[Records from a data collection]
>>>

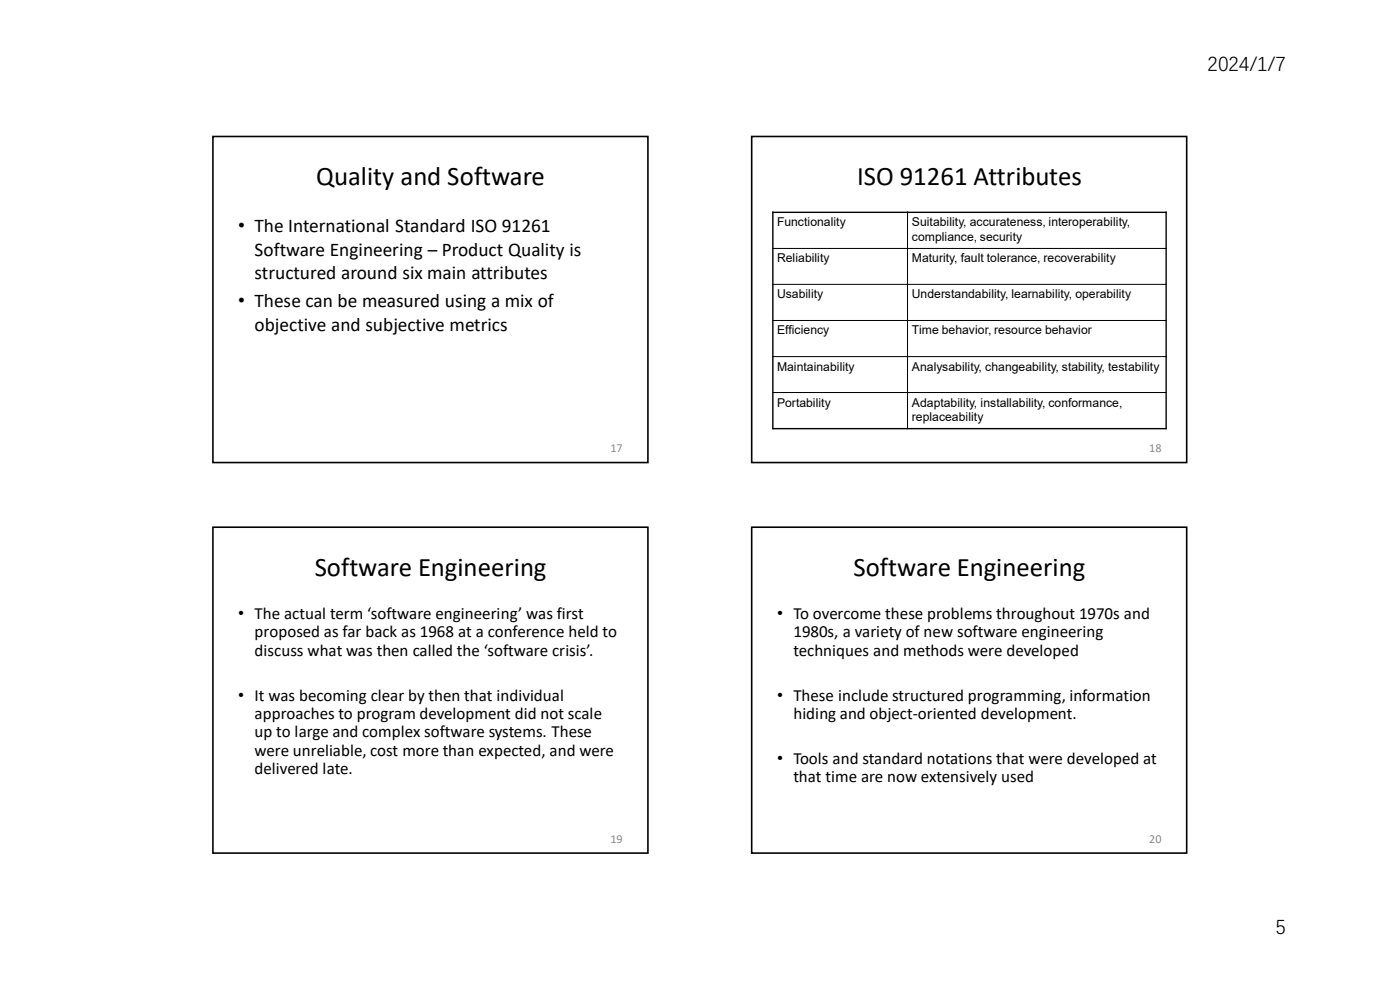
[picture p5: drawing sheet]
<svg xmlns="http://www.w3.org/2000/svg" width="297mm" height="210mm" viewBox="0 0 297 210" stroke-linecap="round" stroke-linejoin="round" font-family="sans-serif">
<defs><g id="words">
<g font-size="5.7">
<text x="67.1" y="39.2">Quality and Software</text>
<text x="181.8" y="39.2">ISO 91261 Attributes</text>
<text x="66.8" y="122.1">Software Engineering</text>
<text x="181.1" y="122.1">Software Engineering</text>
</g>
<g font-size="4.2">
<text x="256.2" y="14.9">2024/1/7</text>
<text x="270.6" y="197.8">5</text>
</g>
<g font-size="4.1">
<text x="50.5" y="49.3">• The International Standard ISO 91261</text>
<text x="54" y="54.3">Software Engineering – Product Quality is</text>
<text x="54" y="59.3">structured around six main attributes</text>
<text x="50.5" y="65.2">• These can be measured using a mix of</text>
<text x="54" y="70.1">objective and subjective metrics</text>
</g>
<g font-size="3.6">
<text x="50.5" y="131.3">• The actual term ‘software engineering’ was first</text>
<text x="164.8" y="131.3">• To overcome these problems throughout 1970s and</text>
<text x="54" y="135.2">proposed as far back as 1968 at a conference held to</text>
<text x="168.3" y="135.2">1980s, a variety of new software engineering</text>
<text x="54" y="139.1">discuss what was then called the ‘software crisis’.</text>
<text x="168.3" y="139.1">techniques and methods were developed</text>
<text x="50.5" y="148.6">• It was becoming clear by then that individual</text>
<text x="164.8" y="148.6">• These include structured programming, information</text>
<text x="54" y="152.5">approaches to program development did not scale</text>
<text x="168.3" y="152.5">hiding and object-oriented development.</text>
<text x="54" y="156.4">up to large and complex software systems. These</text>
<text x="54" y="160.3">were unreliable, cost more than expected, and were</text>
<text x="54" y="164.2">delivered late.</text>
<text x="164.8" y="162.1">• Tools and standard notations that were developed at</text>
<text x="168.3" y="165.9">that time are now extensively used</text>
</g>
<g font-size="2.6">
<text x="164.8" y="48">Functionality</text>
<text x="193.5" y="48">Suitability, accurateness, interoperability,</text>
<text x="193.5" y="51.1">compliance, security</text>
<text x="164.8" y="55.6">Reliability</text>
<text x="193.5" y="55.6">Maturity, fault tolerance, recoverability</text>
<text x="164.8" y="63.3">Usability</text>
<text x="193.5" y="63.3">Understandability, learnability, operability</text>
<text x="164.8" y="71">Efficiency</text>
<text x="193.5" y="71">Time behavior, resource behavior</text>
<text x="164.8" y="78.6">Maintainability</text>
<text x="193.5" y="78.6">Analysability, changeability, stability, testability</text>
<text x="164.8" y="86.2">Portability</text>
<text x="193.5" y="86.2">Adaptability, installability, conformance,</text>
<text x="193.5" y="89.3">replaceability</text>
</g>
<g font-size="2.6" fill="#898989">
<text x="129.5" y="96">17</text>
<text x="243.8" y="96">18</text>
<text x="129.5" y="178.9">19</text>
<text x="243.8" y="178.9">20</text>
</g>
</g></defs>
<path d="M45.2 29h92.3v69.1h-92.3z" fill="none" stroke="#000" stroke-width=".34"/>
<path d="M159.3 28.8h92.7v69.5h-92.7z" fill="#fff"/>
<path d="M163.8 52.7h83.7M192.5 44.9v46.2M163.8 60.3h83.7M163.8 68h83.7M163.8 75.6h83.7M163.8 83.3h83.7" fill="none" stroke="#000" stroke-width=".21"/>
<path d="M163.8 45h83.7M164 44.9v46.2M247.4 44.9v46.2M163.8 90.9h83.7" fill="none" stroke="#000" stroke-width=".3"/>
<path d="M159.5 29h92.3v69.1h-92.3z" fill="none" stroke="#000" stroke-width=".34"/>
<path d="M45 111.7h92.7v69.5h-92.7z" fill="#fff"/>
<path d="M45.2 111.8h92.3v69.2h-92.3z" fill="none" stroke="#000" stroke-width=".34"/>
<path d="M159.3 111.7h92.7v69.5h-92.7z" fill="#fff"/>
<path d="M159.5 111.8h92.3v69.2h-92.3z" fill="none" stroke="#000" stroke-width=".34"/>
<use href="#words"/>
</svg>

<<<

_Problem details_: In the entries above, find each line that includes the string "size" and copy it.

_Solution to the problem_:
<g font-size="5.7">
<g font-size="4.2">
<g font-size="4.1">
<g font-size="3.6">
<g font-size="2.6">
<g font-size="2.6" fill="#898989">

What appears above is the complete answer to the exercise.